Paylaş
Piyasa oyuncuları bu iyimserliğin bir süre daha devam etmesini bekliyorlar. Piyasalar bu iyileşmeye, “Mehmet Şimşek’in ekonomiden sorumlu Başbakan Yardımcılığı’nda kalması”nı gerekçe gösteriyorlar. Ancak biraz sorgulandığı zaman asıl fiyatladıklarının, “Hükümetin ekonomi politikasında fazla değişiklik olmayacağı” yönünde aldıkları sinyal olduğunu görüyoruz. Piyasalar Şimşek’in görevde kalmasını kendilerine verilen “Telaşlanmayın, politikalarda fazla değişiklik olmayacak” mesajı olarak algıladılar.
Piyasalardaki bozulmanın Ahmet Davutoğlu’nun yetkisini elinden alan AKP yönetim toplantısıyla birlikte başladığını kaydeden bir bankacı, bu süreçte küresel piyasalar o kadar kötü değilken, iç piyasalarda ciddi bozulma yaşandığını hatırlattı. “Çünkü piyasalar yeni kurulacak hükümetle birlikte ekonomi yönetiminde, dolayısıyla politikalarında değişiklik olacağı sinyalini almıştı” diyen bankacı, şimdi de Şimşek’in aynı göreve devam etmesi ile fazla değişiklik olmayacağı mesajını aldığını, korktuğu olmayınca da, AKP krizi öncesi fiyat seviyelerine geri dönmeye çalıştığını ifade etti. Bu iyimserliğin hangi seviyeye kadar gideceğini sorduğumda ise “AKP yönetimindeki kriz öncesi dolar kuru 2.80’lerde, borsa endeksi 85 bin civarındaydı. Şimdi iyileşmenin dolar kuru 2.80 olmasa da 2.85’lere doğru gerilemeye çalışacağını, borsa endeksinin de 85 bin olmasa da buna yakın bir seviyeye ulaşmaya çalışacağını” tahmin ettiğini kaydetti. Çünkü o süre içinde küresel piyasalarda fazla bozulma olmadığını, iç piyasaların çok bozulduğunu, olumsuz ayrışmadan doğan farkı kapatmaya çalışacağını belirtti. Bu tahminlerinin küresel piyasalarda önemli bir değişiklik olmadığı takdirde geçerli olduğunu hatırlatan aynı bankacı, “önümüzdeki süreçte FED’in Haziran ayında faiz artışı beklentisi daha da güçlenirse, o zaman bu eski seviyelere dönmek zaten imkansız olacaktır” dedi.
ERKEN SEÇİM RİSKİ
Mehmet Şimşek’in neden bu kadar önemli olduğu sorusuna ise çeşitli yanıtlar veriliyor. Bir piyasa yetkilisi, “Şimşek tek başına neyi önleyebilir ki?” sorumuza, “En azından piyasa Şimşek’le aynı dili konuşuyor. Sıkıntıları ilettiği zaman anlıyor” yanıtını verdi. “Dinleyebilir ama dediğini yaptırabilir mi? “ sorumuza ise “En azından düzeltmeye çalışacağına inanıyoruz” dedi.

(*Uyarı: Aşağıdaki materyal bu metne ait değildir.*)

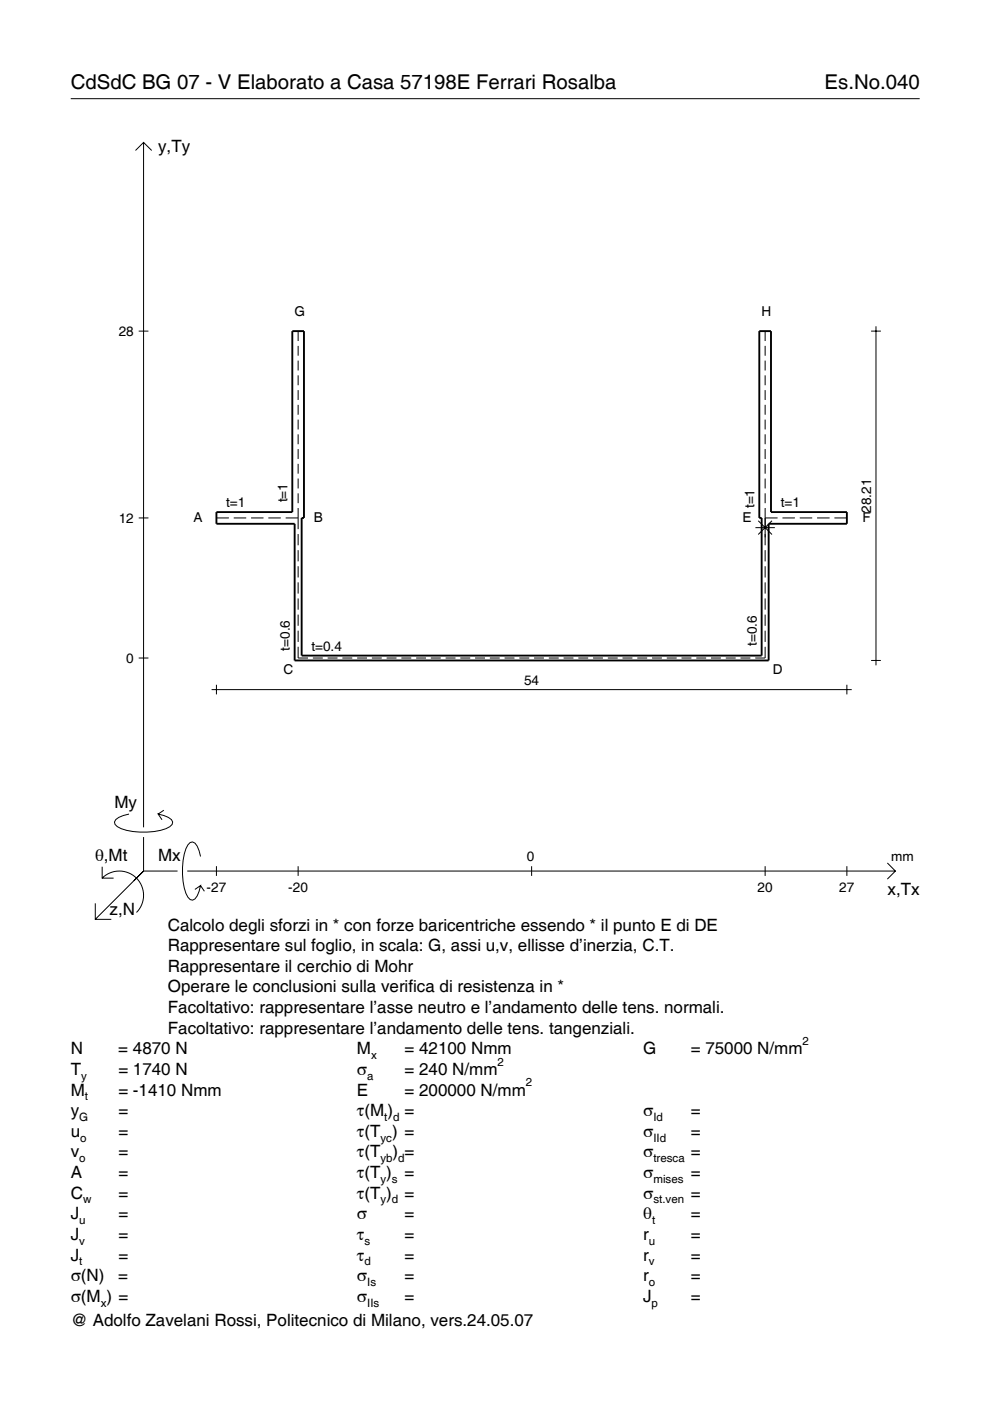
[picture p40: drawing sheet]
<svg xmlns="http://www.w3.org/2000/svg" width="210mm" height="297mm" viewBox="0 0 210 297" stroke-linecap="round" stroke-linejoin="round" font-family="sans-serif">
<defs><g id="words">
<g font-size="4.3">
<text x="15" y="18.9">CdSdC BG 07 - V Elaborato a Casa 57198E Ferrari Rosalba</text>
<text x="174.8" y="18.9">Es.No.040</text>
</g>
<g font-size="3.6">
<text x="33.5" y="32.3">y,Ty</text>
<text x="24.3" y="171.3">My</text>
<text x="20.1" y="182.6">θ,Mt</text>
<text x="33.5" y="182.6">Mx</text>
<text x="188.2" y="189.8">x,Tx</text>
<text x="23.2" y="193.9">z,N</text>
<text x="35.6" y="197.3">Calcolo degli sforzi in * con forze baricentriche essendo * il punto E di DE</text>
<text x="35.6" y="201.7">Rappresentare sul foglio, in scala: G, assi u,v, ellisse d’inerzia, C.T.</text>
<text x="35.6" y="206">Rappresentare il cerchio di Mohr</text>
<text x="35.6" y="210.4">Operare le conclusioni sulla verifica di resistenza in *</text>
<text x="35.6" y="214.8">Facoltativo: rappresentare l’asse neutro e l’andamento delle tens. normali.</text>
<text x="35.6" y="219.2">Facoltativo: rappresentare l’andamento delle tens. tangenziali.</text>
<text x="15" y="223.5">N</text>
<text x="15" y="227.9">T</text>
<text x="25.1" y="223.5">= 4870 N</text>
<text x="25.1" y="227.9">= 1740 N</text>
<text x="75.7" y="227.9">σ</text>
<text x="75.7" y="223.5">M</text>
<text x="85.8" y="223.5">= 42100 Nmm</text>
<text x="85.8" y="227.9">= 240 N/mm</text>
<text x="136.4" y="223.5">G</text>
<text x="146.5" y="223.5">= 75000 N/mm</text>
<text x="15" y="232.3">M</text>
<text x="25.1" y="232.3">= -1410 Nmm</text>
<text x="75.7" y="232.3">E</text>
<text x="85.8" y="232.3">= 200000 N/mm</text>
<text x="15" y="236.7">y</text>
<text x="25.1" y="236.7">=</text>
<text x="75.7" y="236.7">τ(M ) =</text>
<text x="136.4" y="236.7">σ</text>
<text x="146.5" y="236.7">=</text>
<text x="15" y="241">u</text>
<text x="15" y="245.4">v</text>
<text x="25.1" y="241">=</text>
<text x="25.1" y="245.4">=</text>
<text x="75.7" y="241">τ(T ) =</text>
<text x="75.7" y="245.4">τ(T</text>
<text x="83.3" y="245.4">) =</text>
<text x="136.4" y="241">σ</text>
<text x="136.4" y="245.4">σ</text>
<text x="146.5" y="241">=</text>
<text x="146.5" y="245.4">=</text>
<text x="15" y="249.8">A</text>
<text x="25.1" y="249.8">=</text>
<text x="75.7" y="249.8">τ(T )</text>
<text x="85.8" y="249.8">=</text>
<text x="136.4" y="249.8">σ</text>
<text x="146.5" y="249.8">=</text>
<text x="15" y="254.2">C</text>
<text x="25.1" y="254.2">=</text>
<text x="75.7" y="254.2">τ(T )</text>
<text x="85.8" y="254.2">=</text>
<text x="136.4" y="254.2">σ</text>
<text x="146.5" y="254.2">=</text>
<text x="15" y="258.5">J</text>
<text x="15" y="262.9">J</text>
<text x="25.1" y="258.5">=</text>
<text x="25.1" y="262.9">=</text>
<text x="75.7" y="258.5">σ</text>
<text x="75.7" y="262.9">τ</text>
<text x="85.8" y="258.5">=</text>
<text x="85.8" y="262.9">=</text>
<text x="136.4" y="258.5">θ</text>
<text x="136.4" y="262.9">r</text>
<text x="146.5" y="258.5">=</text>
<text x="146.5" y="262.9">=</text>
<text x="15" y="267.3">J</text>
<text x="25.1" y="267.3">=</text>
<text x="75.7" y="267.3">τ</text>
<text x="85.8" y="267.3">=</text>
<text x="136.4" y="267.3">r</text>
<text x="146.5" y="267.3">=</text>
<text x="15" y="271.7">σ(N)</text>
<text x="25.1" y="271.7">=</text>
<text x="75.7" y="271.7">σ</text>
<text x="85.8" y="271.7">=</text>
<text x="136.4" y="271.7">r</text>
<text x="146.5" y="271.7">=</text>
<text x="15" y="276">σ(M ) =</text>
<text x="15" y="281.2">@ Adolfo Zavelani Rossi, Politecnico di Milano, vers.24.05.07</text>
<text x="75.7" y="276">σ</text>
<text x="85.8" y="276">=</text>
<text x="136.4" y="276">J</text>
<text x="146.5" y="276">=</text>
</g>
<g font-size="2.9">
<text x="25.2" y="71.2">28</text>
<text x="62.5" y="67">G</text>
<text x="161.5" y="67">H</text>
<text x="47.9" y="107.5">t=1</text>
<text x="60.9" y="106.5" transform="rotate(-90 60.9 106.5)">t=1</text>
<text x="160" y="107.8" transform="rotate(-90 160 107.8)">t=1</text>
<text x="165.5" y="107.5">t=1</text>
<text x="25.2" y="110.8">12</text>
<text x="41.1" y="110.7">A</text>
<text x="66.5" y="110.7">B</text>
<text x="157.4" y="110.7">E</text>
<text x="182.9" y="110.7">F</text>
<text x="184.7" y="108.7" transform="rotate(-90 184.7 108.7)">28.21</text>
<text x="61.4" y="138" transform="rotate(-90 61.4 138)">t=0.6</text>
<text x="66" y="138">t=0.4</text>
<text x="160.5" y="136.9" transform="rotate(-90 160.5 136.9)">t=0.6</text>
<text x="26.8" y="140.5">0</text>
<text x="60.1" y="142.8">C</text>
<text x="163.9" y="142.8">D</text>
<text x="111.1" y="145.2">54</text>
<text x="111.7" y="182.6">0</text>
<text x="189" y="182.6">mm</text>
<text x="43.8" y="189.1">-27</text>
<text x="61.1" y="189.1">-20</text>
<text x="160.6" y="189.1">20</text>
<text x="178" y="189.1">27</text>
</g>
<g font-size="2.4">
<text x="170.2" y="221.5">2</text>
<text x="78.7" y="224.5">x</text>
<text x="105.5" y="225.9">2</text>
<text x="17.2" y="228.9">y</text>
<text x="18" y="233.3">t</text>
<text x="77.9" y="228.9">a</text>
<text x="111.5" y="230.3">2</text>
<text x="16.8" y="237.7">G</text>
<text x="81.5" y="237.7">t d</text>
<text x="138.5" y="237.7">Id</text>
<text x="17" y="242">o</text>
<text x="80.7" y="242">yc</text>
<text x="138.5" y="242">IId</text>
<text x="16.8" y="246.4">o</text>
<text x="80.7" y="246.4">yb d</text>
<text x="80.7" y="250.8">y s</text>
<text x="138.5" y="246.4">tresca</text>
<text x="138.5" y="250.8">mises</text>
<text x="17.6" y="255.2">w</text>
<text x="80.7" y="255.2">y d</text>
<text x="138.5" y="255.2">st.ven</text>
<text x="16.8" y="259.5">u</text>
<text x="16.8" y="263.9">v</text>
<text x="77.3" y="263.9">s</text>
<text x="137.6" y="263.9">u</text>
<text x="138.2" y="259.5">t</text>
<text x="16.8" y="268.3">t</text>
<text x="77.3" y="268.3">d</text>
<text x="137.6" y="268.3">v</text>
<text x="77.9" y="272.7">Is</text>
<text x="137.6" y="272.7">o</text>
<text x="21.4" y="277">x</text>
<text x="77.9" y="277">IIs</text>
<text x="138.2" y="277">p</text>
</g>
</g></defs>
<g fill="none" stroke="#000" stroke-width=".21">
<path d="M15 20.9h180M28.7 31.9l1.7-1.7 1.8 1.7M30.4 30.2v145.2M29.4 70.2h2.1M63.2 70.2v2.1M63.2 73.3v2.1M63.2 76.5v2.1M63.2 79.6v2.1M162.2 70.2v2.1M162.2 73.3v2.1M162.2 76.5v2.1M162.2 79.6v2.1"/>
<path d="M184.7 70.2h2.1M185.7 69.2v71.9M63.2 82.7v2.1M63.2 85.8v2.1M63.2 89v2.1M63.2 92.1v2.1M63.2 95.2v2.1M63.2 98.3v2.1M162.2 82.7v2.1M162.2 85.8v2.1M162.2 89v2.1M162.2 92.1v2.1"/>
<path d="M162.2 95.2v2.1M162.2 98.3v2.1M29.4 109.8h2.1M45.9 109.8h2.6M49.6 109.8h2.6M53.2 109.8h2.7M56.9 109.8h2.6M60.6 109.8h2.6M63.2 101.5v2.1M63.2 104.6v2.1M63.2 107.7v4.5M63.2 113.2v2.4"/>
<path d="M63.2 116.6v2.4M160.2 111.9h4.1M160.8 110.4l2.9 2.9M162.2 109.8h2.7M162.2 101.5v2.1M162.2 104.6v2.1M162.2 107.7v7.9M162.2 116.6v2.4M163.7 110.4l-2.9 2.9M165.9 109.8h2.6M169.6 109.8h2.6M173.2 109.8h2.7"/>
<path d="M176.9 109.8h2.7M29.4 139.5h2.1M63.2 137.1v2.4h2.1M63.2 120.1v2.3M63.2 123.5v2.4M63.2 126.9v2.4M63.2 130.3v2.4M63.2 133.7v2.4M66.3 139.5h2.1M69.5 139.5h2.1M72.6 139.5h2.1M75.7 139.5h2.1"/>
<path d="M78.8 139.5h2.1M82 139.5h2.1M85.1 139.5h2.1M88.2 139.5h2.1M91.3 139.5h2.1M94.5 139.5h2.1M97.6 139.5h2.1M100.7 139.5h2.1M103.9 139.5h2M107 139.5h2.1M110.1 139.5h2.1M113.2 139.5h2.1"/>
<path d="M116.4 139.5h2.1M119.5 139.5h2.1M122.6 139.5h2.1M125.7 139.5h2.1M128.9 139.5h2.1M132 139.5h2.1M135.1 139.5h2.1M138.2 139.5h2.1M141.4 139.5h2.1M144.5 139.5h2.1M147.6 139.5h2.1M150.7 139.5h2.1"/>
<path d="M153.9 139.5h2.1M157 139.5h2.1M162.2 137.1v2.4h-2.1M162.2 120.1v2.3M162.2 123.5v2.4M162.2 126.9v2.4M162.2 130.3v2.4M162.2 133.7v2.4M44.9 146.2h135.7M45.9 145.2v2M179.6 145.2v2M184.7 140h2.1"/>
<path d="M27.3 172.6a3.6 3.6 0 0 0-3 1.7l.1 .5a5.7 5.7 0 0 0 3.8 1.5 13.3 13.3 0 0 0 7.8-1l.5-.5 .1-.5a3.6 3.6 0 0 0-3.1-1.7l.8 1.2M30.4 177.5v7.2M34.7 171.8l-1.2 .8M20.2 191.5v3.4h3.4M21.7 186.2a5.1 5.1 0 0 1 7.2 0 5.1 5.1 0 0 1 0 7.3M21.7 183.8v2.4h2.4M30.4 184.7l-10.2 10.2M30.4 184.7l-2 2M30.4 184.7h7.2M39.7 184.7h150.1M42.5 181.6a3.6 3.6 0 0 0-1.7-3.1l-.5 .1a5.7 5.7 0 0 0-1.5 3.8 13.3 13.3 0 0 0 1 7.8l.5 .5 .5 .2a3.6 3.6 0 0 0 1.7-3.1l-1.2 .8M42.5 187.8l.8 1.2"/>
<path d="M45.9 183.7v2M63.2 183.7v2M112.7 183.7v2M162.2 183.7v2M179.6 183.7v2M188.1 183l1.7 1.7-1.7 1.7"/>
</g>
<path d="M62 70.2h2.4v39.6h-.4v29.2h97.5v-29.2h-.5v-39.6h2.5v38.4h16.1v2.5h-16.6v28.9h-100.5v-28.9h-16.6v-2.5h16.1z" fill="none" stroke="#000" stroke-width=".4"/>
<use href="#words"/>
</svg>

Özetle; piyasalar hükümetin belli olmasıyla birlikte, ekonomi yönetimi ve politikalarında değişiklik kaygılarını unutmuş görünüyor. Başka bir deyişle; siyasi riski kafalarında sıfırladılar, şimdi bu riskin ortaya çıkmasından önceki fiyat seviyelerine geri dönmeye çalışıyorlar.Önümüzdeki dönem yeni siyasi riskler doğabilir mi diye sorduğumuzda hemen hemen tüm piyasa oyuncularından “Piyasada erken seçim en büyük risk olarak görülüyor” yanıtını aldık.
Şu anda bu riskin görüldüğünü ama algılanmadığı, bu nedenle de satın alınmadığını görüyoruz. “MHP Kurultayı olur, Meral Akşener kazanırsa AKP de erken seçime gitmez” diye umutlandıklarını kaydeden bir bankacı, piyasaların bu açıdan MHP içindeki gelişmeleri bile yakından takip etmeye başladığını söyledi.
AB ile ilişkileri sorduğumda ise “Hükümetin buna cesaret edeceğini sanmıyoruz, eğer böyle radikal bir karar alınırsa, bu çok büyük risk olur” diyorlar. Ekonomik risk olarak ise küresel gelişmelerin belirleyici olduğunu, zaten tüm dünyada gevşek para politikası izlendiğini, içeride bütçe açığının artmasının tehlike yaratacağını ama Hükümetin bu yola gideceğini sanmadıklarını söylediler.